Http://www.12factor.net/backing-services

------
staunch
\+ You get very unpredictable server resources, which is why disk and network
throughput can vary wildly.

These issues are why we started Uptano, really just to scratch this itch for
ourselves. Plug: <https://uptano.com>

The thing is, EC2 really was neat when it launched, but there are _so_ many
things that can be improved upon. Amazon has moved surprisingly slowly in
improving EC2 itself.

------
lsh123
I've run the numbers for our PCI-compliant setup about 1.5 years ago and
Amazon was about 3-4x more expensive than the average bid for my RFP for
several smaller hosting providers for a mix of dedicated and virtual servers.
Another thing I've discovered with AWS (again, it was 1.5 years ago) is a
_horrible_ network latencies even inside the same data center on the same VPC:
on a "normal" gigabit switch in a dedicated setup I would expect stable ping <
0.5msec with spikes to 1-2 msec on a loaded network.
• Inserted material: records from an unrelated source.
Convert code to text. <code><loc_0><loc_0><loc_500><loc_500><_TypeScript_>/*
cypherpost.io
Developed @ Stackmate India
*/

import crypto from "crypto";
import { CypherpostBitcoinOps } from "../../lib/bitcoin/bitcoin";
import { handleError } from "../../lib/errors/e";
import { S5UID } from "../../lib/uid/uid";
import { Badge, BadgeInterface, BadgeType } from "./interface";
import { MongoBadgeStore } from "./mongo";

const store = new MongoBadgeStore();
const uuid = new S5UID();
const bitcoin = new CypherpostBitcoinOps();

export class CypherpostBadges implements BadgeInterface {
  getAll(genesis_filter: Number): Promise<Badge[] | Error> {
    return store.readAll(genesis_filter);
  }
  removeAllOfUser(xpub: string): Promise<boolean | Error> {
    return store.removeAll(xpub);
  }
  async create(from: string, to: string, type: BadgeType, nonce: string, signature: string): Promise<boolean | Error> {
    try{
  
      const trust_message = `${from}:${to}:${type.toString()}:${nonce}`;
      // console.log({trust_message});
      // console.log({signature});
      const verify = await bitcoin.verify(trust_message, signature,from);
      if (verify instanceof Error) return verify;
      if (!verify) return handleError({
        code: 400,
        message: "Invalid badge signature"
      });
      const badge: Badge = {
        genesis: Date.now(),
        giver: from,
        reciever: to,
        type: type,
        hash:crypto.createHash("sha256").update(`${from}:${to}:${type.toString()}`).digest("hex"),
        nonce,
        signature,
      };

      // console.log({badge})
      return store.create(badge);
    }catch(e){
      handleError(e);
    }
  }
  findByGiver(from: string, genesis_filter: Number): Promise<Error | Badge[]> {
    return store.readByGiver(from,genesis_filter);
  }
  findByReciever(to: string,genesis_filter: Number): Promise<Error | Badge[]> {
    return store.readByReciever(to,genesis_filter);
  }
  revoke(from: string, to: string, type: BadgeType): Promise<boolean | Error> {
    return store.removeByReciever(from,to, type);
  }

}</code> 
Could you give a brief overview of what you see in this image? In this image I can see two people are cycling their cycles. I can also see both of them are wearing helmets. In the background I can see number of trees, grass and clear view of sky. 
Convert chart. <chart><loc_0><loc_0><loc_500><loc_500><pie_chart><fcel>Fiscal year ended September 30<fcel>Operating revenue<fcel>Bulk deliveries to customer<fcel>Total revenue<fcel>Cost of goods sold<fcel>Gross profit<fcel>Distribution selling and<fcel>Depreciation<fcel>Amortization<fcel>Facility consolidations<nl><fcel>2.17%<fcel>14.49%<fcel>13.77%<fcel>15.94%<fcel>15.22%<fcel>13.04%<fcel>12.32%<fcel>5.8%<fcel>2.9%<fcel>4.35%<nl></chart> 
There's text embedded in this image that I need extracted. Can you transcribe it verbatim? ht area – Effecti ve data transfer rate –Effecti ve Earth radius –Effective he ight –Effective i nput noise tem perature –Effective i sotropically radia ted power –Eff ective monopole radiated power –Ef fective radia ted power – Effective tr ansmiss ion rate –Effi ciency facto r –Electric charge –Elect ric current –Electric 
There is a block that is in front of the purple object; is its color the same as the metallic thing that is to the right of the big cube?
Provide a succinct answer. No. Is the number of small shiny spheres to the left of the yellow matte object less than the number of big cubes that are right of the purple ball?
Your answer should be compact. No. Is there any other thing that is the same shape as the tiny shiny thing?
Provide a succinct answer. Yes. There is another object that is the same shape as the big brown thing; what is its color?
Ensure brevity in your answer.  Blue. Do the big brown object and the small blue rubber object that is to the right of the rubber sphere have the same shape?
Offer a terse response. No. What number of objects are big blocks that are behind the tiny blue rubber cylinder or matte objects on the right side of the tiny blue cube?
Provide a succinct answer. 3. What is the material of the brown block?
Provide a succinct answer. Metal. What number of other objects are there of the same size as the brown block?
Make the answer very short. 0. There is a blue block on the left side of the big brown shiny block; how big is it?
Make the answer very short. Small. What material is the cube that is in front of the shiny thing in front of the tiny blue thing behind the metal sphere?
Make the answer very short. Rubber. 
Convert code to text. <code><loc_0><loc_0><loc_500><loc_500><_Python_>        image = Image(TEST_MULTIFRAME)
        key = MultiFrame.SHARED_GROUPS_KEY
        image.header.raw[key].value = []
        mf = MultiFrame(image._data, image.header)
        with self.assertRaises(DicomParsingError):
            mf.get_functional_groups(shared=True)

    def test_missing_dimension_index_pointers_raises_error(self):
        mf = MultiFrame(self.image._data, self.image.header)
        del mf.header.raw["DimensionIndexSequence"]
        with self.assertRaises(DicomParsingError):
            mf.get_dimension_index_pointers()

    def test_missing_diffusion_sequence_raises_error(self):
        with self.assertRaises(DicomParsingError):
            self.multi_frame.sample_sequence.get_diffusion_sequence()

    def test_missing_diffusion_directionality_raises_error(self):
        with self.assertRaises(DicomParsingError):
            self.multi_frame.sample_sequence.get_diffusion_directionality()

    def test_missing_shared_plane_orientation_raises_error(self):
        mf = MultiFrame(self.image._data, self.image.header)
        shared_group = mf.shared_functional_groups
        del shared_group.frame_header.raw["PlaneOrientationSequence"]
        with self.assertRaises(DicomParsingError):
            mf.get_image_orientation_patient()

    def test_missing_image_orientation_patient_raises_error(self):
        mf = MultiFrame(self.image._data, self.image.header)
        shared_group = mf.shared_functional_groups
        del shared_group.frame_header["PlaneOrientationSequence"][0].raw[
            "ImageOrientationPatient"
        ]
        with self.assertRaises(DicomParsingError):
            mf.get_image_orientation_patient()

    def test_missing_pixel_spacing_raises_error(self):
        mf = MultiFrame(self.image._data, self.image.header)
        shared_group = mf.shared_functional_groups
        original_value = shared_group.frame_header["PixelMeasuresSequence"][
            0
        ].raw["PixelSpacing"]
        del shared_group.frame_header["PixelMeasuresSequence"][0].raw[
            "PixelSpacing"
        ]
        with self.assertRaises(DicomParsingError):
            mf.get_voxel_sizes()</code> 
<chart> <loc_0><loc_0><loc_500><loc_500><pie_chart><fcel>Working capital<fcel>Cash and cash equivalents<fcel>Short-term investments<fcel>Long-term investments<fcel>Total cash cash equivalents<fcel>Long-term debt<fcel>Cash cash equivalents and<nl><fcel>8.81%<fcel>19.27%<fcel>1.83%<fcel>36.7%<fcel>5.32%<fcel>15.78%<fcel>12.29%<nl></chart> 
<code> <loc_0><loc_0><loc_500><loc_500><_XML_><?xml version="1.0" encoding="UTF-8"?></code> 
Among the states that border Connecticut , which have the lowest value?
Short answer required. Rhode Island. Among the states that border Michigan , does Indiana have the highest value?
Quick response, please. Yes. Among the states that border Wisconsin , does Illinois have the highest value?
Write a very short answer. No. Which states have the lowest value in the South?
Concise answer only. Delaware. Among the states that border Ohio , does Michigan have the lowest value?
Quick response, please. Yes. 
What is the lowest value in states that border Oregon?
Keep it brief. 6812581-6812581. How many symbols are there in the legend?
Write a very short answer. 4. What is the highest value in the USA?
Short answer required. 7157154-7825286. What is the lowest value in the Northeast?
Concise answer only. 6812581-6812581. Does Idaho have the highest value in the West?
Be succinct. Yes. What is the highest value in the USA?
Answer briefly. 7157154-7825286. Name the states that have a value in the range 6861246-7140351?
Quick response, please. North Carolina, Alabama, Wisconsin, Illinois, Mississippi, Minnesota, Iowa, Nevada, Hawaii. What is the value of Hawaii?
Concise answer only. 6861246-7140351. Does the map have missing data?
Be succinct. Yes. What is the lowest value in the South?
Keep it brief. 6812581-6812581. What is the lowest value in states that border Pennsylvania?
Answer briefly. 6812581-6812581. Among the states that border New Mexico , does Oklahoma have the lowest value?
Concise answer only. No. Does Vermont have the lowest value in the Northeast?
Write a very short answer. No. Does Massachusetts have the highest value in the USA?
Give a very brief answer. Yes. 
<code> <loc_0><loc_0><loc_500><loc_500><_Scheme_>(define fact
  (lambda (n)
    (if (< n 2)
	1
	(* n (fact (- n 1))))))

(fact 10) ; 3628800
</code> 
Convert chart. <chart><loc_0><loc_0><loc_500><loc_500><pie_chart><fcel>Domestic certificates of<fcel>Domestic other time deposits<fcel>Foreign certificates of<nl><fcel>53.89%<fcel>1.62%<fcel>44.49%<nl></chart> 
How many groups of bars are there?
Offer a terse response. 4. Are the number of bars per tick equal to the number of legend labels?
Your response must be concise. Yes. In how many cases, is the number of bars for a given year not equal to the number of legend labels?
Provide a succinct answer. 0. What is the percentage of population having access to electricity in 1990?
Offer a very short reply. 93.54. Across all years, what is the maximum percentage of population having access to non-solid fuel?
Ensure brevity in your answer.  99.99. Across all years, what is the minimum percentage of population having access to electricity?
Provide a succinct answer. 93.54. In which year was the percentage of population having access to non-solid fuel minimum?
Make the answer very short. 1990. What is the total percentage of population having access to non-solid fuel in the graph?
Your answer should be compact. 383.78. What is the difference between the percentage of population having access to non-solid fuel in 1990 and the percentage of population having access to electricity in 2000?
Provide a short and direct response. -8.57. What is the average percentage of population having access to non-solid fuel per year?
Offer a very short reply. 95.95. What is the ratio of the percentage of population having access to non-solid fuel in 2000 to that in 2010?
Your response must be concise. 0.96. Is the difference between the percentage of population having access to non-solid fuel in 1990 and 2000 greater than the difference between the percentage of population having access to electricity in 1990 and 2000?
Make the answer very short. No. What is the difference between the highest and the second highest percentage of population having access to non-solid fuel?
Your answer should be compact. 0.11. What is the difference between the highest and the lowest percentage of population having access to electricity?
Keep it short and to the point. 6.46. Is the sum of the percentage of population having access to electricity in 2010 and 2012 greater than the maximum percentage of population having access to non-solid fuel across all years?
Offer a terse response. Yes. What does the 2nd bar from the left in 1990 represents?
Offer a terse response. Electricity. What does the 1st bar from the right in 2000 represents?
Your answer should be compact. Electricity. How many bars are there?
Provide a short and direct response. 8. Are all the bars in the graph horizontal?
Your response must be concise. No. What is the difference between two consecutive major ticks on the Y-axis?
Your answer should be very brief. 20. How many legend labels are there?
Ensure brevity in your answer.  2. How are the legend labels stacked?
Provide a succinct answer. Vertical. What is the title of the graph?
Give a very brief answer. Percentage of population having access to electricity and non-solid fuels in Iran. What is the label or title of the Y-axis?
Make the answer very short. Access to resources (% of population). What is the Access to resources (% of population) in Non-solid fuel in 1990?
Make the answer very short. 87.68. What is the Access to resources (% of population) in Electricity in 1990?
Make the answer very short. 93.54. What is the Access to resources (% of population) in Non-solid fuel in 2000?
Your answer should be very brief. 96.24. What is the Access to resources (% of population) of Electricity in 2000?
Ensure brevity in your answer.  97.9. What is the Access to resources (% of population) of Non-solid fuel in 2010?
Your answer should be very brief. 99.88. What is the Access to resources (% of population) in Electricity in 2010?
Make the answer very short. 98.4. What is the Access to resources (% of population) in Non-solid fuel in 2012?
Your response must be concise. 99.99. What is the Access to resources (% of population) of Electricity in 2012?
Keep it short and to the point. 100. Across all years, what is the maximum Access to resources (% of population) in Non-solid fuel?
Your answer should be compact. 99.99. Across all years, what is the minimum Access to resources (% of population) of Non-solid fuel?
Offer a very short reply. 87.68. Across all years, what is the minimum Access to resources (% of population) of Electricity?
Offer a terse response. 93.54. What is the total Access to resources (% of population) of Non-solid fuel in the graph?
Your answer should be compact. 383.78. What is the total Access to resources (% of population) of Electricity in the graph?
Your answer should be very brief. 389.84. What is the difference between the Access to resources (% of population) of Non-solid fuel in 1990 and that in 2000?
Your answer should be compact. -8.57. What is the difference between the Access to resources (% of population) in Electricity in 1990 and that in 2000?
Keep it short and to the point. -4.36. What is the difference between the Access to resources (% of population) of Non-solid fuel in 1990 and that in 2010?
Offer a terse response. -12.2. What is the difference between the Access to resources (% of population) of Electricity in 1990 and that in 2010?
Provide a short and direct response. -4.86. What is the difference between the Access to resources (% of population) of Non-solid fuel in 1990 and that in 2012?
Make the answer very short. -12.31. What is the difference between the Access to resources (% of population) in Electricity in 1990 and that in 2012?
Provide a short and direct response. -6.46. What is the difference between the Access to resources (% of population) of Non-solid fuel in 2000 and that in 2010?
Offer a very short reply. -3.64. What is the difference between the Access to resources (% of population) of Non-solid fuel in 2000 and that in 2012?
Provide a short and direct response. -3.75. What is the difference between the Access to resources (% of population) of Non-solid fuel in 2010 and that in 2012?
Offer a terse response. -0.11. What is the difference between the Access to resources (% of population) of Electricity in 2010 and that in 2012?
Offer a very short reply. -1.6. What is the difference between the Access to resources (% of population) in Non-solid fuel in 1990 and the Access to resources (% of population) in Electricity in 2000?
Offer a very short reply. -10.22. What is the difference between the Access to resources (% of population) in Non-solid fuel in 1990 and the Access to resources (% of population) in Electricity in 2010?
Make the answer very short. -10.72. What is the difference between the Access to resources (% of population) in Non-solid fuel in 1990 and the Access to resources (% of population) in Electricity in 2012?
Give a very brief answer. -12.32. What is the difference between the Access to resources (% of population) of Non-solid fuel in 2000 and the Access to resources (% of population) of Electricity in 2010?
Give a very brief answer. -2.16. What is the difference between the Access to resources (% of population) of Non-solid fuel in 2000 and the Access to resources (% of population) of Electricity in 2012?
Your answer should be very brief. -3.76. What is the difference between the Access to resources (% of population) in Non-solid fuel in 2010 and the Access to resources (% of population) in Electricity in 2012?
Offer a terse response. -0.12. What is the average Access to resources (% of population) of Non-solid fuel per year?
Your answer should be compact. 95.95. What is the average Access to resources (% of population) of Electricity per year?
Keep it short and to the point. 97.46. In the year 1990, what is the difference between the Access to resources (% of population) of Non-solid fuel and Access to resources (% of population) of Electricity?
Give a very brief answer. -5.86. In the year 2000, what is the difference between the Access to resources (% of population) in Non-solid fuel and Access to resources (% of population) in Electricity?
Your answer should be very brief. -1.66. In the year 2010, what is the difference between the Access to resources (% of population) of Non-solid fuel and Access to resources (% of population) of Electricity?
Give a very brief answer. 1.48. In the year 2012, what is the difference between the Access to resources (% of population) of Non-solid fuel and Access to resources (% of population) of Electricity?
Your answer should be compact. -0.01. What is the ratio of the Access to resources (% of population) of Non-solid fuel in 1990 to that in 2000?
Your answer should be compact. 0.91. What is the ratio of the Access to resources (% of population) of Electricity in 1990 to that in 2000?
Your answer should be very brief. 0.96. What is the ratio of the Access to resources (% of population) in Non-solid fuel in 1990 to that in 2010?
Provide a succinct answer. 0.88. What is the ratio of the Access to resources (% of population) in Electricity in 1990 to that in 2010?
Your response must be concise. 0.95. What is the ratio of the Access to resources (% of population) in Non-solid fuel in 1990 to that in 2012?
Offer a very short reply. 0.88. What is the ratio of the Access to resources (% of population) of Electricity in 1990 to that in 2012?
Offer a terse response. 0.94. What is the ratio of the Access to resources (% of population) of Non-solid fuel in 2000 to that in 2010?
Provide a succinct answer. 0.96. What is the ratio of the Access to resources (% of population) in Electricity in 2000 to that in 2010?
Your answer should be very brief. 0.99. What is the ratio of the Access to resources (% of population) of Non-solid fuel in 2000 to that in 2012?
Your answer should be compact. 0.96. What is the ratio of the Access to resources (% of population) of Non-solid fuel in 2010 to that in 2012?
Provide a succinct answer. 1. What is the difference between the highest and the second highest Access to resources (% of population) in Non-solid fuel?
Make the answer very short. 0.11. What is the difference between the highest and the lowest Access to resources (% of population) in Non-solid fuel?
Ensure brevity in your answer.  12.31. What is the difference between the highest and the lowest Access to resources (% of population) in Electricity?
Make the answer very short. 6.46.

With Amazon, the pings
were rarely below 10-20msec inside the same data center in the same VPC. It is
easy to explain since Amazon probably doesn't allocate virtual servers
"together" on the same router thus you have extra delays on going between
multiple busy routers. In the same time it is pretty bad for many things (e.g.
MySQL Galera Cluster that we use).

So, my take on Amazon EC2: you want to use it when you are small (i.e. don't
really care about performance) or when you are really big (when you can get
"special" deal from Amazon and dedicate a lot of internal resources to make it
work). In other cases a better option might be a mix of dedicated hardware
(servers and networking stuff) and virtual servers at a managed hosting
provider that would allow you to create the setup that works best for your
project.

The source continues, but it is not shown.